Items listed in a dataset

....

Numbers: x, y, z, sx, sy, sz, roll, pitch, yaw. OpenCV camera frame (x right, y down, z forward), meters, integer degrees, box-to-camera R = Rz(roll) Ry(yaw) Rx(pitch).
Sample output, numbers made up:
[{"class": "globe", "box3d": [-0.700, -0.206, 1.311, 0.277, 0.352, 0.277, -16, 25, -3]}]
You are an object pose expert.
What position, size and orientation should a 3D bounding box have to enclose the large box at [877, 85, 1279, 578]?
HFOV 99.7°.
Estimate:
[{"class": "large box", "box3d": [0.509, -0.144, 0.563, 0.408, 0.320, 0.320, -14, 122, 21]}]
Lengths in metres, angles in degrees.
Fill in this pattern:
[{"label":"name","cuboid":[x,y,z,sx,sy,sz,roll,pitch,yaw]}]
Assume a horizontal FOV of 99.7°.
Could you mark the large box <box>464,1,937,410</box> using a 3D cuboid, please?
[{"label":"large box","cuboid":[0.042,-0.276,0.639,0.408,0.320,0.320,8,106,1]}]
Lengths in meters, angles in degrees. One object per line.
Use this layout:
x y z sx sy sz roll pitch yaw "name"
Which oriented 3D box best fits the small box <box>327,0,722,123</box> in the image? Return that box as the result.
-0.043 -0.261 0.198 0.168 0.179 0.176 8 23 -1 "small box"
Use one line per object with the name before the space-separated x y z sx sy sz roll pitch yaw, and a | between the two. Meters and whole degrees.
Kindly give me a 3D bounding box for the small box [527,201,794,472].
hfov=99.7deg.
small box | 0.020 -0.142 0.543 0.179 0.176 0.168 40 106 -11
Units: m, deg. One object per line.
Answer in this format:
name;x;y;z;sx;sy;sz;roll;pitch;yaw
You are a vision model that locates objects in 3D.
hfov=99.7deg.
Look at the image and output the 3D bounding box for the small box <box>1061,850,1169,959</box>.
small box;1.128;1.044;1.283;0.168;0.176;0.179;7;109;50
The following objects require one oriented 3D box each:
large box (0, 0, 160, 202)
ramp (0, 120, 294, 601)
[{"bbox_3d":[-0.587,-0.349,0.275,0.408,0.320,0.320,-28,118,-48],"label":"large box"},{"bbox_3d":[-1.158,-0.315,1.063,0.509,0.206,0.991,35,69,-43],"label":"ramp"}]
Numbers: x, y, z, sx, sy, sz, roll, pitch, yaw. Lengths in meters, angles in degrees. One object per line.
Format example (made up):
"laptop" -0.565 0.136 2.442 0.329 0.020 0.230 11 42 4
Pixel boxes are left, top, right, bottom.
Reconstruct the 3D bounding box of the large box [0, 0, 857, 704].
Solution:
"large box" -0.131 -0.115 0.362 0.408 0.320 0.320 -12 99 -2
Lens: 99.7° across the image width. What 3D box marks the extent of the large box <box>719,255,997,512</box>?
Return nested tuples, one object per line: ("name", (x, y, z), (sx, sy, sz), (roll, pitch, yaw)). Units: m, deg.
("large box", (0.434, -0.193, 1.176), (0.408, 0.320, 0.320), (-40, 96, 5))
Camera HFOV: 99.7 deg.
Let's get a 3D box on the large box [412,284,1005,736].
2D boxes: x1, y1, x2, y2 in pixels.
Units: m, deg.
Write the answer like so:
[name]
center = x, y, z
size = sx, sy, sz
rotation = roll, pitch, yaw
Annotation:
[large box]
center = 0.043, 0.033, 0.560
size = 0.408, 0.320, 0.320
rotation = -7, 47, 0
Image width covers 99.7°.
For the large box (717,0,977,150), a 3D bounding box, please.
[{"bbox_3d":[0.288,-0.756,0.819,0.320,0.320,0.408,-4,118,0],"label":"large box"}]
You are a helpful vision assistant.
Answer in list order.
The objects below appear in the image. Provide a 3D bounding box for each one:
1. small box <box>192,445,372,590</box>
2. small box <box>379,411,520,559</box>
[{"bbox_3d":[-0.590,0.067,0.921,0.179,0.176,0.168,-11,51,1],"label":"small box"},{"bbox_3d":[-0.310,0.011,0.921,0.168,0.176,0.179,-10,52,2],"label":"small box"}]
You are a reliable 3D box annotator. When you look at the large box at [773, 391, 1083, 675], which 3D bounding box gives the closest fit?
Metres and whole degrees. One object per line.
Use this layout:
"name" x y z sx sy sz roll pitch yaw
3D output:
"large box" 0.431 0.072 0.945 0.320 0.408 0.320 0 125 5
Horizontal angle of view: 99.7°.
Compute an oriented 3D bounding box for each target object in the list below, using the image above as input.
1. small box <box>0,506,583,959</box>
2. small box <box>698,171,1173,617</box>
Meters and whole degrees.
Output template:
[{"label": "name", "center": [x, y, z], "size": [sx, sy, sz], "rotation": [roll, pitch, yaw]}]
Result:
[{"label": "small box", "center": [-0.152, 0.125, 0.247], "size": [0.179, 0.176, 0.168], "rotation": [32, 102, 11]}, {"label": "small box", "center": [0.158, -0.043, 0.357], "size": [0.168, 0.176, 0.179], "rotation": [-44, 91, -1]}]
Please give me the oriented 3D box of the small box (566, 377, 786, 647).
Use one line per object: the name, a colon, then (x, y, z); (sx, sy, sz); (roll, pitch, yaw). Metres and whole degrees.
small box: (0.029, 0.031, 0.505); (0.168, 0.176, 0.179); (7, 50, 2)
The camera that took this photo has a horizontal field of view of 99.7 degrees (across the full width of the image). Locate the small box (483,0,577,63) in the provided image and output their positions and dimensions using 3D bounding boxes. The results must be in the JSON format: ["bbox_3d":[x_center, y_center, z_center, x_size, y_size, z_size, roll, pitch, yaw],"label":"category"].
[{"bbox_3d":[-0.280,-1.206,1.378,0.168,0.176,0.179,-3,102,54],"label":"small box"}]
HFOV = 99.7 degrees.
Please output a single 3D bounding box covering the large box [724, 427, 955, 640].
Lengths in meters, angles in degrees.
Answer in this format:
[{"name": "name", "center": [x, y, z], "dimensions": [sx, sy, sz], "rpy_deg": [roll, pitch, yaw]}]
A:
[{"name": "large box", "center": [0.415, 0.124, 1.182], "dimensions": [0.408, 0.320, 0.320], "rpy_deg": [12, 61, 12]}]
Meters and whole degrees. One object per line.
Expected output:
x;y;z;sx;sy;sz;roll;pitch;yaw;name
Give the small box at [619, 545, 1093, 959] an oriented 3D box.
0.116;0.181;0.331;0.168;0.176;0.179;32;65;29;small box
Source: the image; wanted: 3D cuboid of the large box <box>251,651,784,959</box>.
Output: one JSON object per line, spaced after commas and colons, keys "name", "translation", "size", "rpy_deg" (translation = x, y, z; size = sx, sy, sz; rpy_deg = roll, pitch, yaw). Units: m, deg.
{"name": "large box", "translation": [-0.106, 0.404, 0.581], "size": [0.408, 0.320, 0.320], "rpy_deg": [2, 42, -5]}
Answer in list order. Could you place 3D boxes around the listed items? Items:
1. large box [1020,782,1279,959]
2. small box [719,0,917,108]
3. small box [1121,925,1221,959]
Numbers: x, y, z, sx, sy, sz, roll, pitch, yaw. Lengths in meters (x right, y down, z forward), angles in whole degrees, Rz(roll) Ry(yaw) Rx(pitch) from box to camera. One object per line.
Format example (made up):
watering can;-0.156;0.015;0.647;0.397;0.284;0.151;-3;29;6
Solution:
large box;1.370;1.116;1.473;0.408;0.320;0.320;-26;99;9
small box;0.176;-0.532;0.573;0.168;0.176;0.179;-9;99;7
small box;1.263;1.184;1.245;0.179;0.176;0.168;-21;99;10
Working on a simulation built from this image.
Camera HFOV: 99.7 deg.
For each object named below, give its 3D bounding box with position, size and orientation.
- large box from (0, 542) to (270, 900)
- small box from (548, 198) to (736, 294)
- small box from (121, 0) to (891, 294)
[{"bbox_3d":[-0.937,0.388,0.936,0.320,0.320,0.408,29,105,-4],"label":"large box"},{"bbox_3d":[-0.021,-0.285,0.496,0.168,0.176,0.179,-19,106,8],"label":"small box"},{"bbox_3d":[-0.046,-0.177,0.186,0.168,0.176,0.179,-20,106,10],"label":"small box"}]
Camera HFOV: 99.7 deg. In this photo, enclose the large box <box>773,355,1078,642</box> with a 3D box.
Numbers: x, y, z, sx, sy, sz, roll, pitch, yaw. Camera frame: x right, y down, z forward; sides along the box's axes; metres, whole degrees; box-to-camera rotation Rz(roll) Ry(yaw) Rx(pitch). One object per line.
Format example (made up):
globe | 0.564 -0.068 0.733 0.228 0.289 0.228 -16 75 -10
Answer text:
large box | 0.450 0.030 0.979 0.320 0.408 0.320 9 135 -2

....

EXERCISE INSTRUCTIONS:
Please give back only the lines between the first line of the entries and the line with "You are an object pose expert.", both ends included, word for word.

EXERCISE RESPONSE:
Numbers: x, y, z, sx, sy, sz, roll, pitch, yaw. OpenCV camera frame (x right, y down, z forward), meters, integer degrees, box-to-camera R = Rz(roll) Ry(yaw) Rx(pitch).
Sample output, numbers made up:
[{"class": "globe", "box3d": [-0.700, -0.206, 1.311, 0.277, 0.352, 0.277, -16, 25, -3]}]
You are an object pose expert.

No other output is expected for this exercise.